__Exercise requirements__. Return a copy of every line in the records that includes the word "pixels".

__Input__.
= Beginning of Section =

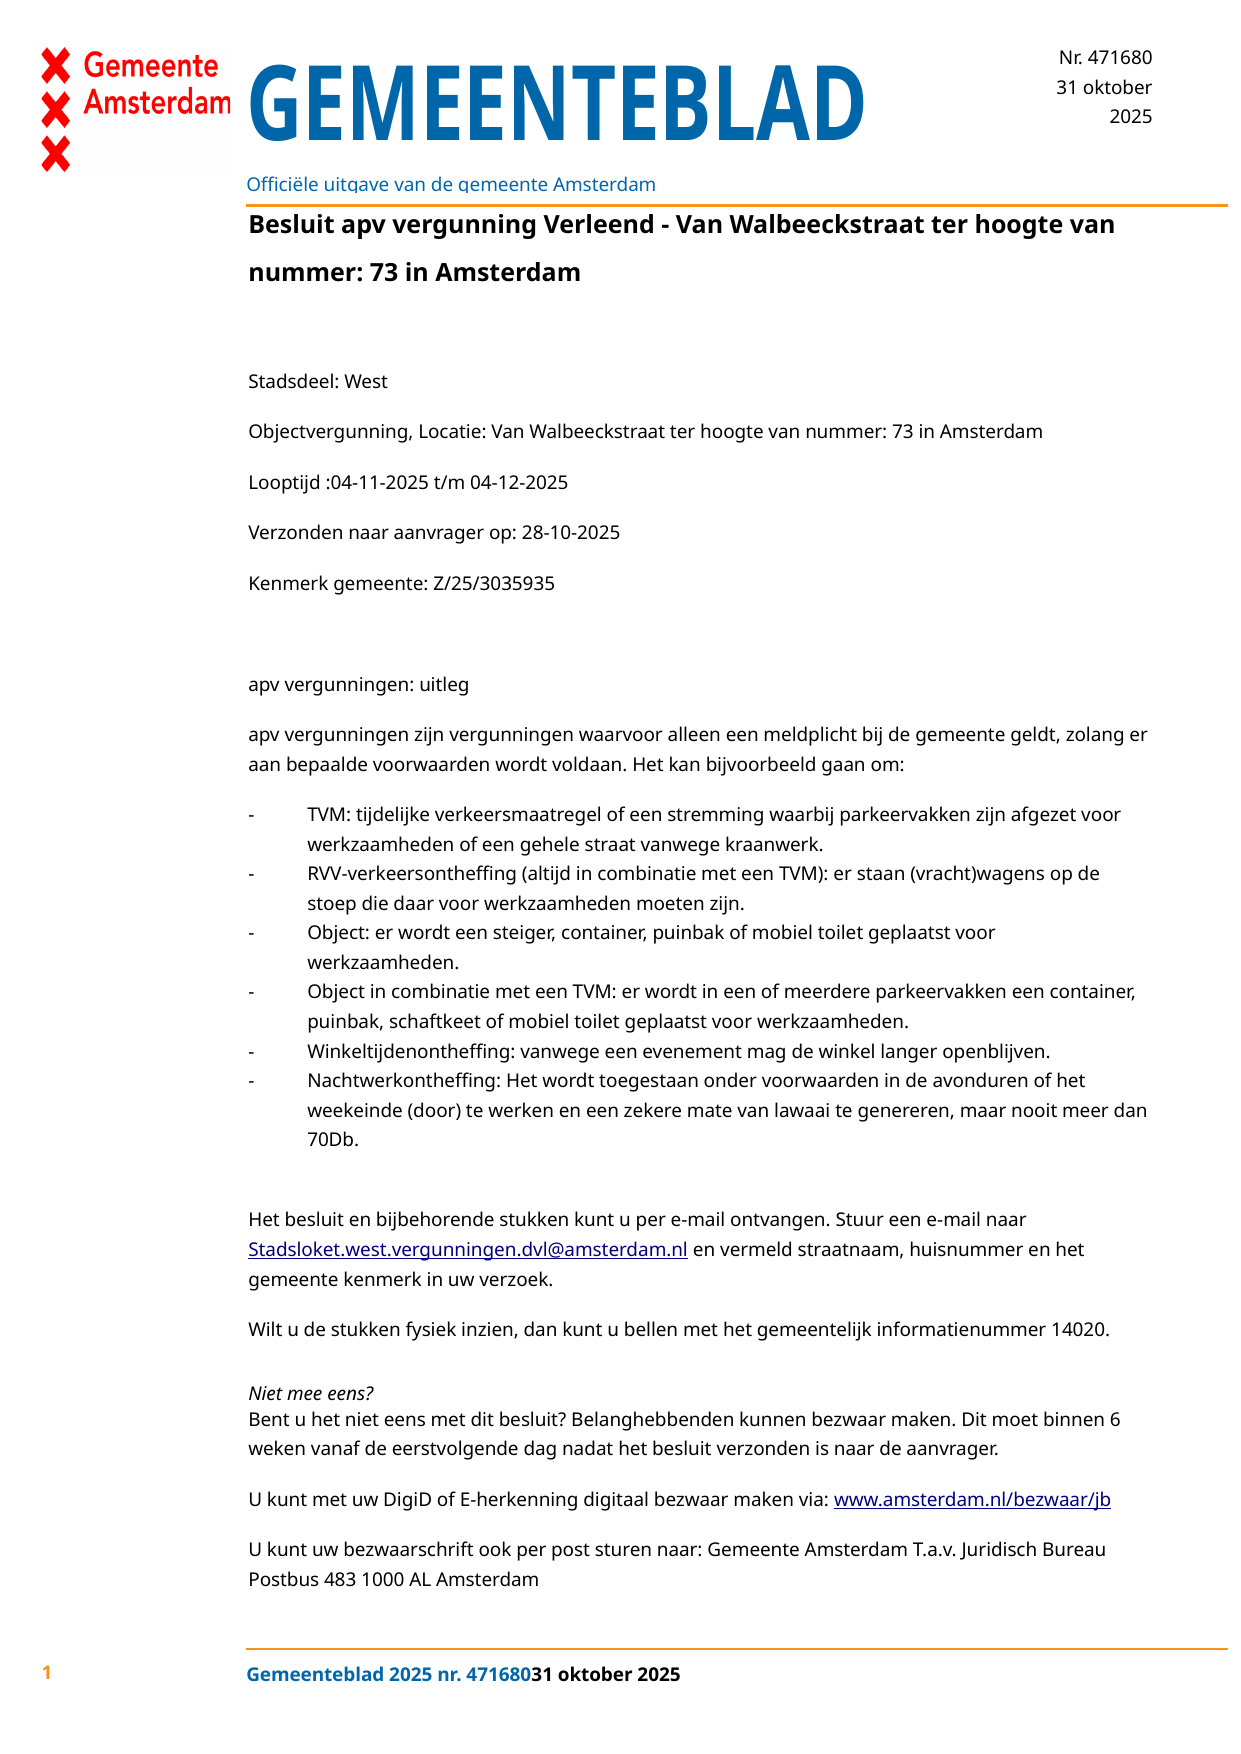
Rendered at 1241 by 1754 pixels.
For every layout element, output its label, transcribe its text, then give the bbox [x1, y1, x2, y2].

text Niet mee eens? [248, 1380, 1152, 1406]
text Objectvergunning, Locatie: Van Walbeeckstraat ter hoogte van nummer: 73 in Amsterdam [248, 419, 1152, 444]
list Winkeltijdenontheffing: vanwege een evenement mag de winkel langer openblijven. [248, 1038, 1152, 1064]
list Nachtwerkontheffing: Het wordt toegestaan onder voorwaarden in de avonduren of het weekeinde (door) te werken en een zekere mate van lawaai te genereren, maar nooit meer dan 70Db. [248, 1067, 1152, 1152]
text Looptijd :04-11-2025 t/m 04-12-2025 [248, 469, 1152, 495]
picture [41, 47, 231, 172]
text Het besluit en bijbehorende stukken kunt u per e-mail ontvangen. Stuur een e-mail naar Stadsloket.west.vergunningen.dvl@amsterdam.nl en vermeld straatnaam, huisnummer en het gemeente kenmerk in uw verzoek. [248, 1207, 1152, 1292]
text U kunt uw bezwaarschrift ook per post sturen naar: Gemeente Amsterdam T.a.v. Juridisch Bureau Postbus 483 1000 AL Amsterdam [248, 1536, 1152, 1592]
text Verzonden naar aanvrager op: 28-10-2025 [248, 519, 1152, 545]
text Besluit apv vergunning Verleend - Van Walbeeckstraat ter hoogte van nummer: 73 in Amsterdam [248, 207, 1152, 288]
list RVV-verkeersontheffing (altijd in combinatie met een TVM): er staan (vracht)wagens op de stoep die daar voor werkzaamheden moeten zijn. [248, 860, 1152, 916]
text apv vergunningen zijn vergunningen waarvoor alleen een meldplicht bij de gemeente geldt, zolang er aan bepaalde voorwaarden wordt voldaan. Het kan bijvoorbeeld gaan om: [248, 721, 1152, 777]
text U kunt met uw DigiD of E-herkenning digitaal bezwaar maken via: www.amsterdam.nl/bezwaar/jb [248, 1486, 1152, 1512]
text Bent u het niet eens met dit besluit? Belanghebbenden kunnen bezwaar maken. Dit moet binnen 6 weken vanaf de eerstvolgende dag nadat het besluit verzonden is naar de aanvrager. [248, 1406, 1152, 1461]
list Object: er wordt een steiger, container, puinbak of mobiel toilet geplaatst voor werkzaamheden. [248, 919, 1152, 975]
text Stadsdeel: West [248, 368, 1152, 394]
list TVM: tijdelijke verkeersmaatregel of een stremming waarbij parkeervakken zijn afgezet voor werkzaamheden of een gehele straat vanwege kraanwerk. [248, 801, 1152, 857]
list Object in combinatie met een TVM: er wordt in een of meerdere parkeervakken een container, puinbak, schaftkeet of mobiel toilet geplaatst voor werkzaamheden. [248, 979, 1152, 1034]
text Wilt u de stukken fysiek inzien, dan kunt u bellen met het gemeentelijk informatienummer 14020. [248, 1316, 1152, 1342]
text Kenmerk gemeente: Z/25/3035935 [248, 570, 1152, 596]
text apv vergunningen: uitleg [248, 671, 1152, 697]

= End of Section =
= Beginning of Section =

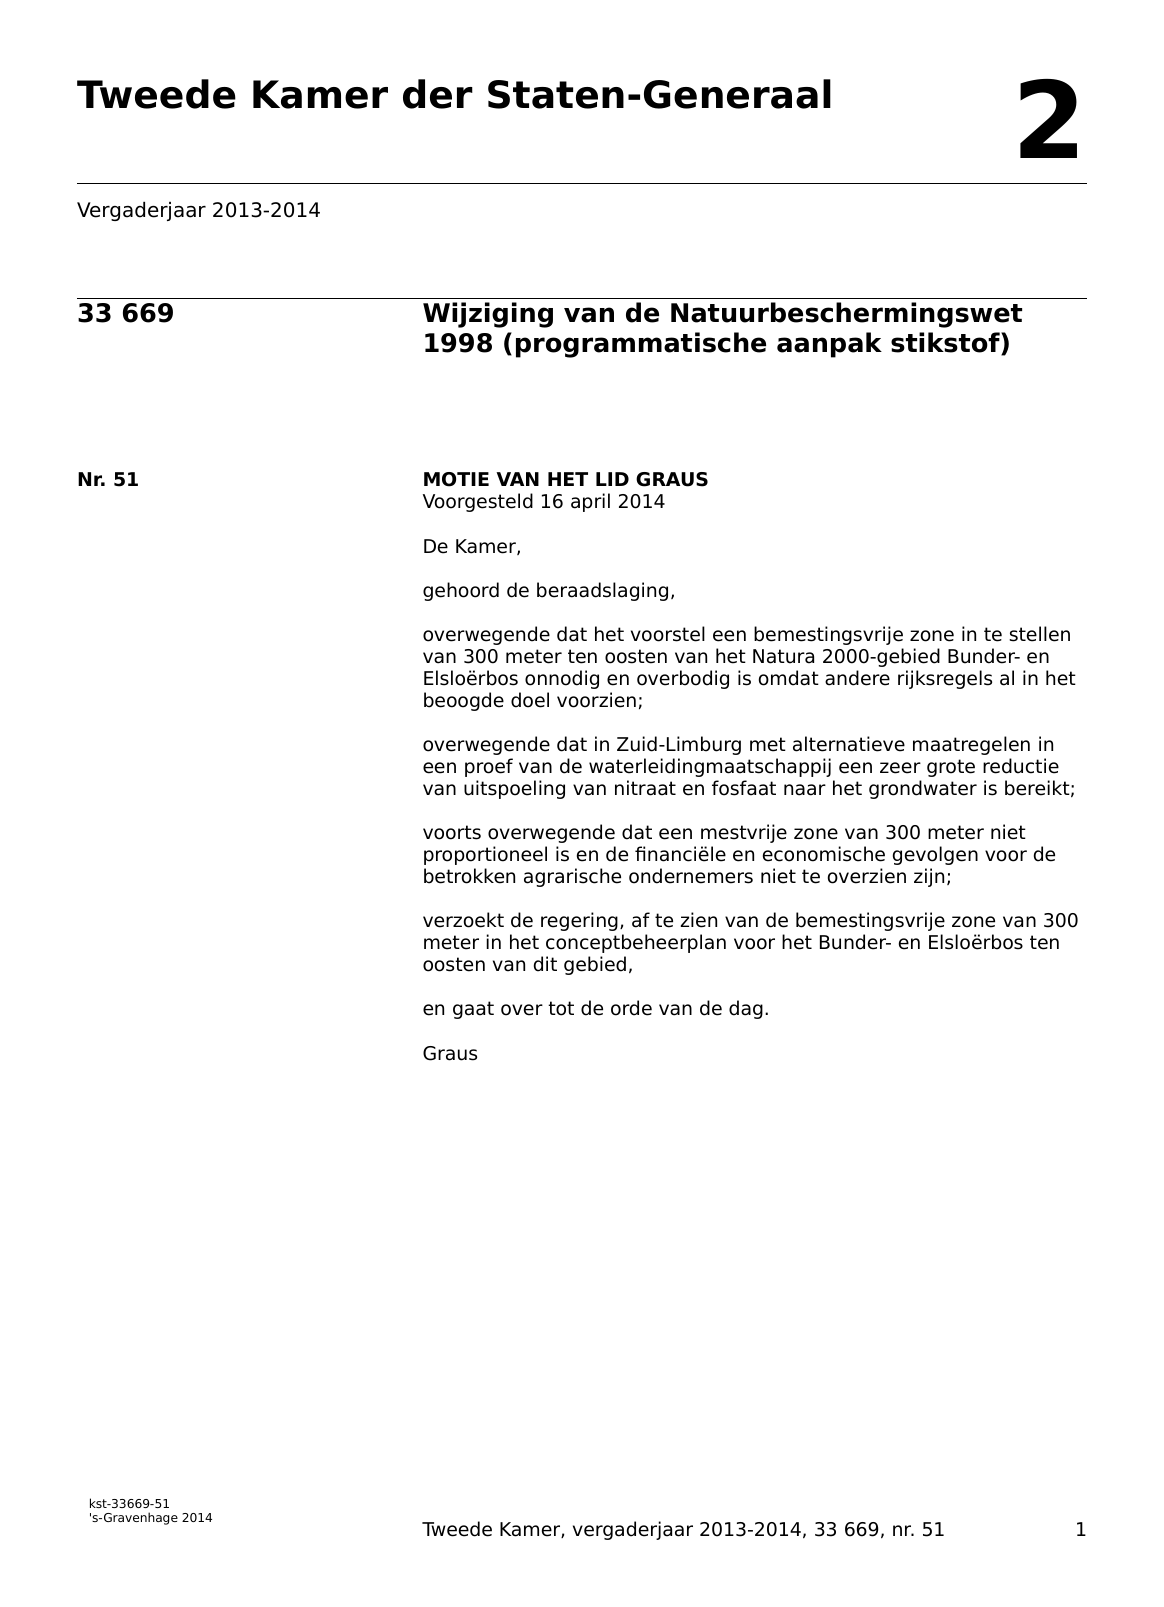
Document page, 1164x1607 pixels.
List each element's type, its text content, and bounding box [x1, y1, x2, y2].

= End of Section =

__Answer section__.
Rendered at 1241 by 1754 pixels.
Document page, 1164x1607 pixels.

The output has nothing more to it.